The proposed solution was built on a serverless AWS architecture with a focus on AI/ML and NLP for processing unstructured documents. This approach was chosen as the most optimal in terms of combining flexibility, reliability, and operational efficiency. The serverless model allows for rapid scaling based on document volume without the need for infrastructure management, while AWS's native AI services provide proven accuracy and the ability to quickly integrate with existing ERP and B2B systems.

 

Key components:

  • Amazon S3 – input storage for uploaded documents.

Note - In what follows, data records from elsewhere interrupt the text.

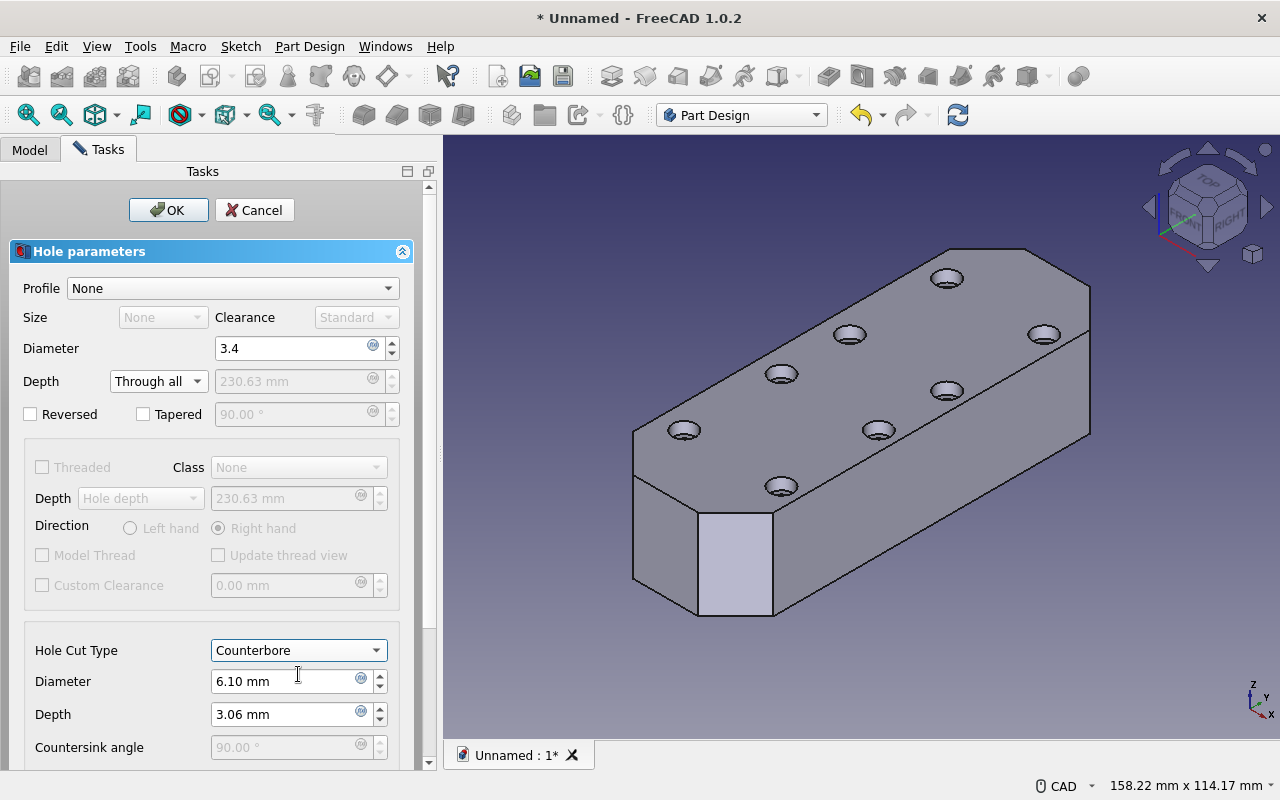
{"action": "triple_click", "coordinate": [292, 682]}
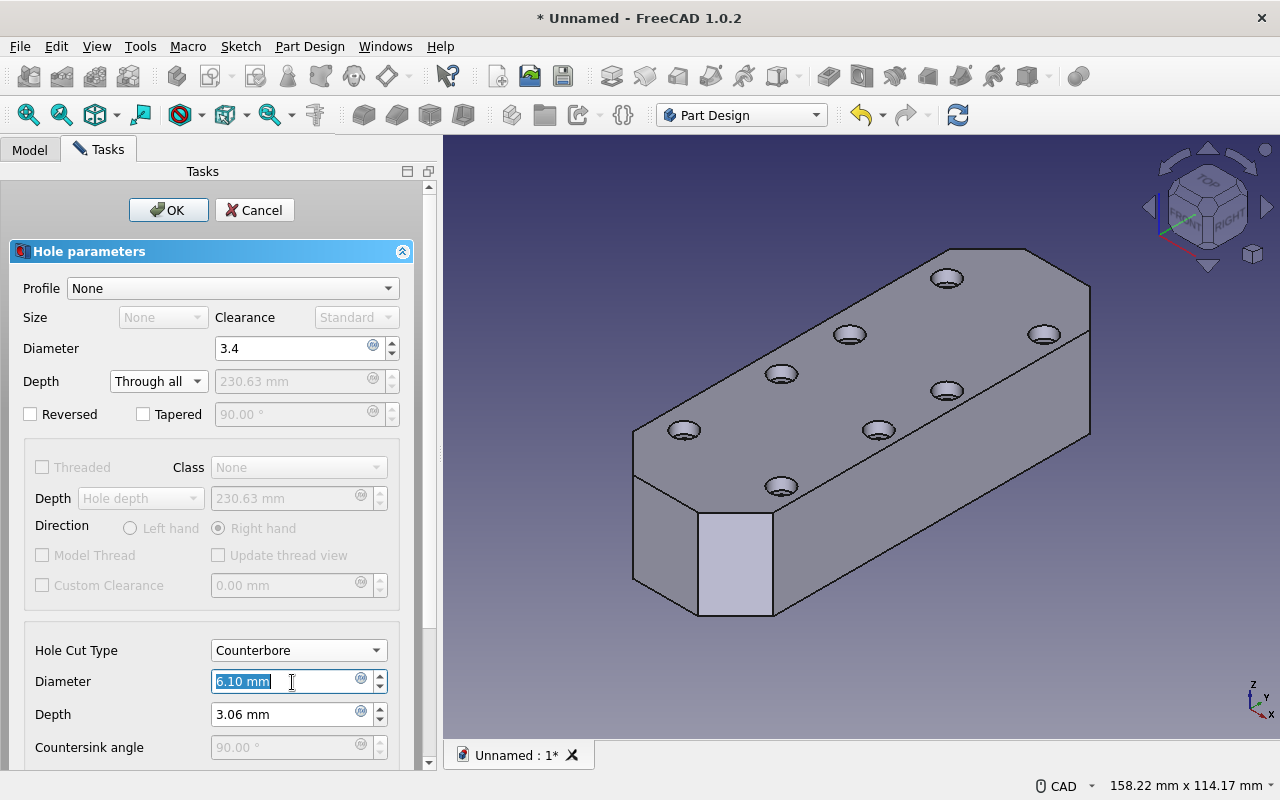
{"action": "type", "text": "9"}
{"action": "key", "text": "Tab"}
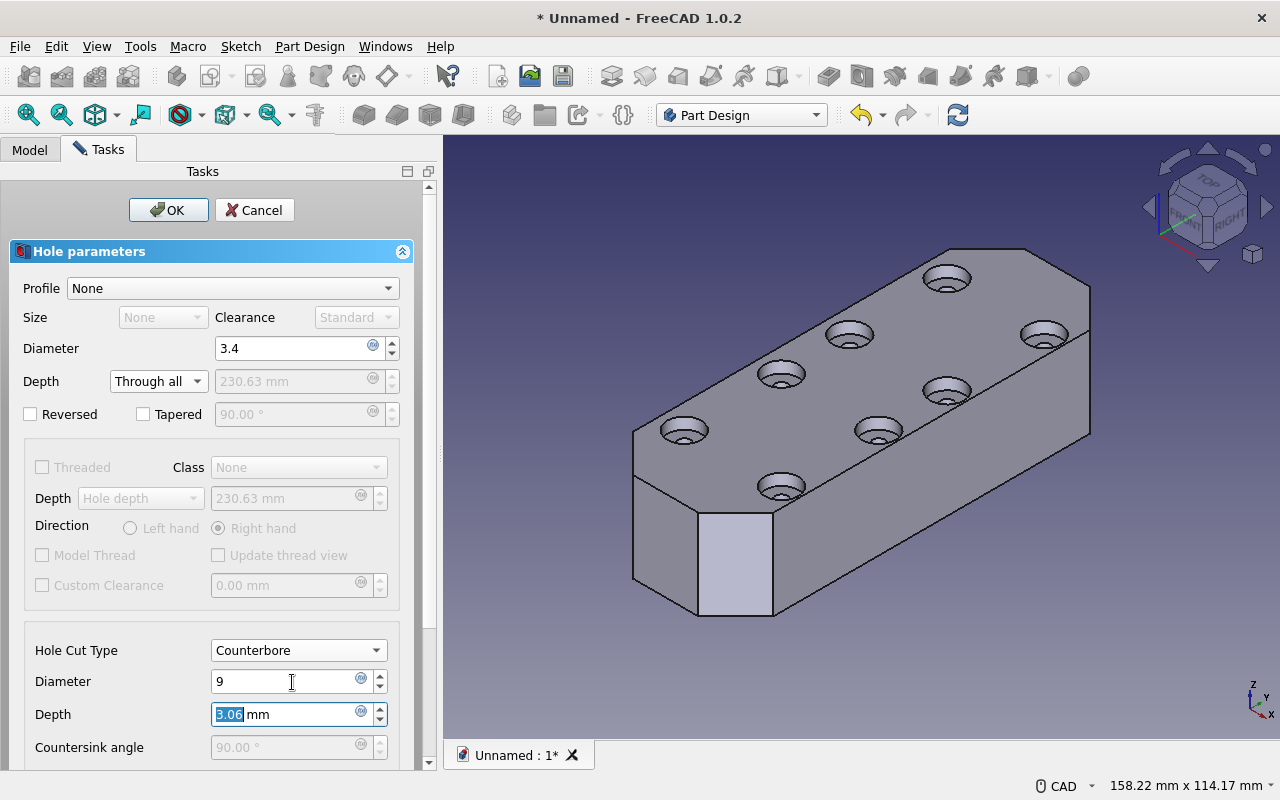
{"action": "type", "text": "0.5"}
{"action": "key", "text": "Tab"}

  • Amazon Textract – automatic extraction of text, tables, and key-value pairs.

  • Amazon Comprehend + custom NLP (SageMaker) – identification and classification of technical parameters (voltage, power, dimensions, standards, IP protection).

  • AWS Lambda – workflow orchestration and transformation into structured JSON.

  • Amazon DynamoDB – storage of extracted data + metadata.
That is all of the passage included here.